Oliver Callan: Do not begrudge pensioners their budget day fiver
They endured a 65% tax rate and entertainment from Big Tom and Twink
Childcare subsidies are being handed out with such fanfare that Katherine Zappone enjoyed a “Varadkar” of media homage this week, to use the new collective noun for inexplicably positive PR. File photograph: Dara Mac Dónaill
Young voters backing the Remain vote in Brexit reacted furiously when the older generation swung the result in favour of Leave.
The old toffs were behaving just like the old lady at the end of Titanic who drops the coveted necklace into the sea, after wasting three hours of everyone’s valuable time and resources. They should have seen it coming, since the old bag had also let a handsome young immigrant freeze to death in the Atlantic. Definitely a Leave voter.
There was similar resentment of pensioners in this week’s budget. Texters to radio stations complained about the €5 bonus for a group who continually vote Fianna Fáil-Fine Gael and suffered least in the recession compared with their children’s generation.
The younger types are either struggling with mortgages or struggling to get one. They drive to work in tailbacks that stretch all the way to the 1970s. Their taxes are used to service a debt they did not run up, pay the pensions of those who did and for public services so poor they have to pay extra each time they use them.
To make life extra miserable for broken voters who are so joyful about accessing minor services they are already entitled to, polls are topped by Healy-Raes, Lowrys and dynasty TDs who’s blood type is Bisto.
Pensioners are seen as the beneficiaries of Fianna Fáil and Fine Gael’s decades of acquiring rule by pleasing the grey vote. The 66-plusers own their homes and despite cuts to some allowances, the old-age pension was never reduced. Now they are getting an extra fiver; a symbolic use of the denomination favoured on Fridays by their grey-eared overlord, Joseph Duffy.
They are also, however, the most abandoned and maltreated demographic. They endured such 1980s horrors as a 65 per cent tax rate and entertainment restricted to Big Tom, Twink and Sandy Kelly. These days working parents can vent their anger with wine-soaked Twitter fingers during the Ray D’Arcy Show. Their elders had to make do with shouting at Aertel while battering a Grundig.

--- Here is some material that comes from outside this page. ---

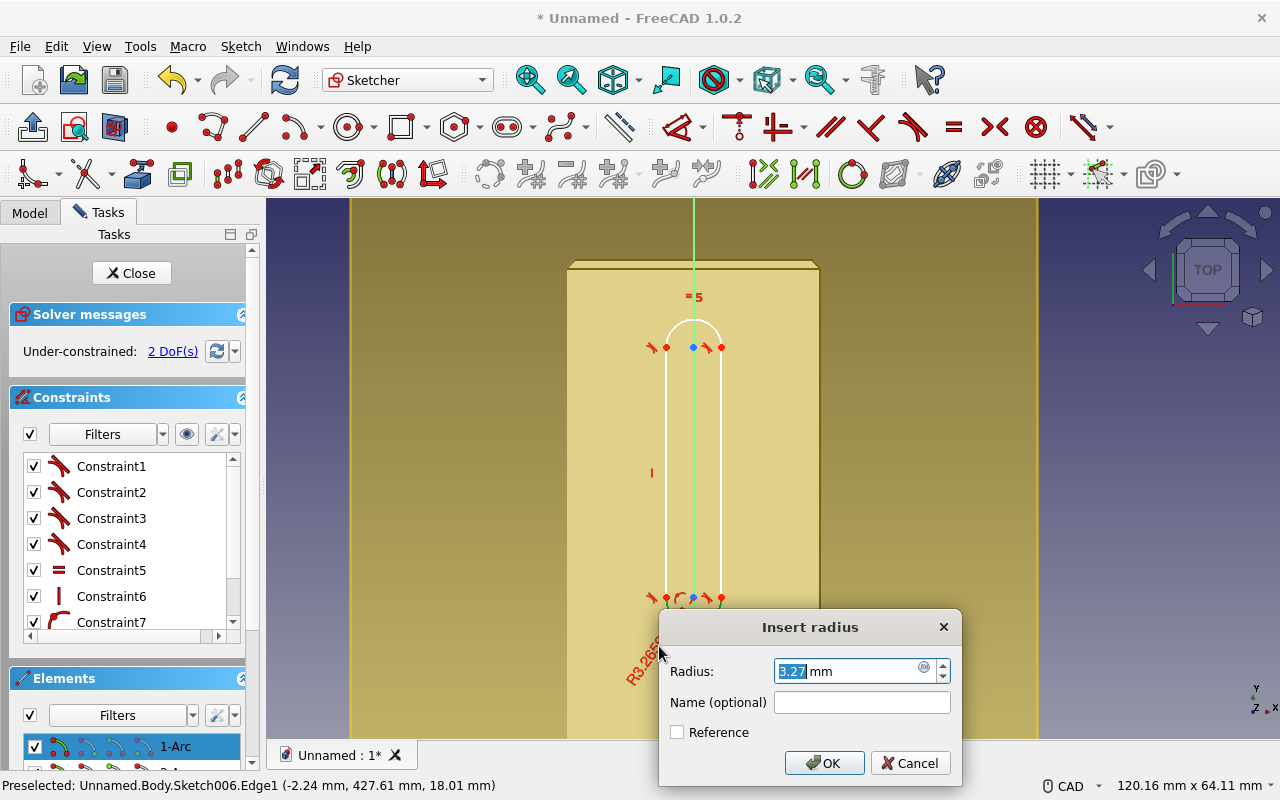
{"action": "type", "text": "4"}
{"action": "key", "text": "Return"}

Central Bank rules are so restrictive only a vegan beef farmer over 90 years of age accompanied by both parents can qualify for a mortgage. Still, the older generations are paying property tax at 2013 values on a house they bought for the price of a new Opel Ascona. These ‘lucky’ souls became walking personal guarantees in the boom and then deposit providers after the bust.
Working couples whine about getting to their nearest interchangeable filament-bulb-and-copper-counter eatery only once a quarter. The height of luxury for pensioners in the day was a slice of Viennetta on anniversary night.
Childcare subsidies are being handed out with such fanfare that Katherine Zappone enjoyed a “Varadkar” of media homage this week, to use the new collective noun for inexplicably positive PR.
Most people will not qualify for the grant because guess what? Grandparents are the childminders for people who cannot afford the creche. Back in the day, babysitting was provided by Calpol, which also came in useful for annual love-making, if they managed to get a coitus licence from the parish.
If a government takes money away, they are robbing the voters. If they give money away, they are buying votes. They are not wrong in trying to win support with budget measures. Naturally, they target the group that mostly turns out to vote. Turnout among the 18- to 25-year-olds here is lower than average compared with most European countries, according to the Irish National Election Study.
It is often said that youngsters will not turn out because of the sort of samey-politics that older generations have created with their choices at the ballot box. That is like blaming the nonchalance of Paul McCartney’s later work for the asinine, autotuned style of Justin Bieber’s bland Canadian pop.
To use the media’s much-loved voter profiling to explain budget nuance, consider Teresa who is 72, lives in the capital, has no mortgage and drives a Volvo.
Thanks to this budget, Teresa’s income will be 20 per cent higher than the average squeezed-middle Irish parent. She will spend 95 per cent less on public transport than a Galway commuter. She will have far greater access to public healthcare than a man in Kerry, and her life expectancy will be 10 years more than a person in Donegal. Teresa lives in Finland.
If she moved here, she would be a single-lunged dipso buying her smokes on a Border roadside and the closest healthcare to her would be a defibrillator in Barack Obama Plaza.
With an extra fiver in her pocket every week from March 2017, all that has changed is that her chances of meeting Marty Whelan in a TV studio on a Saturday night have gone up 10 per cent. Don’t begrudge her.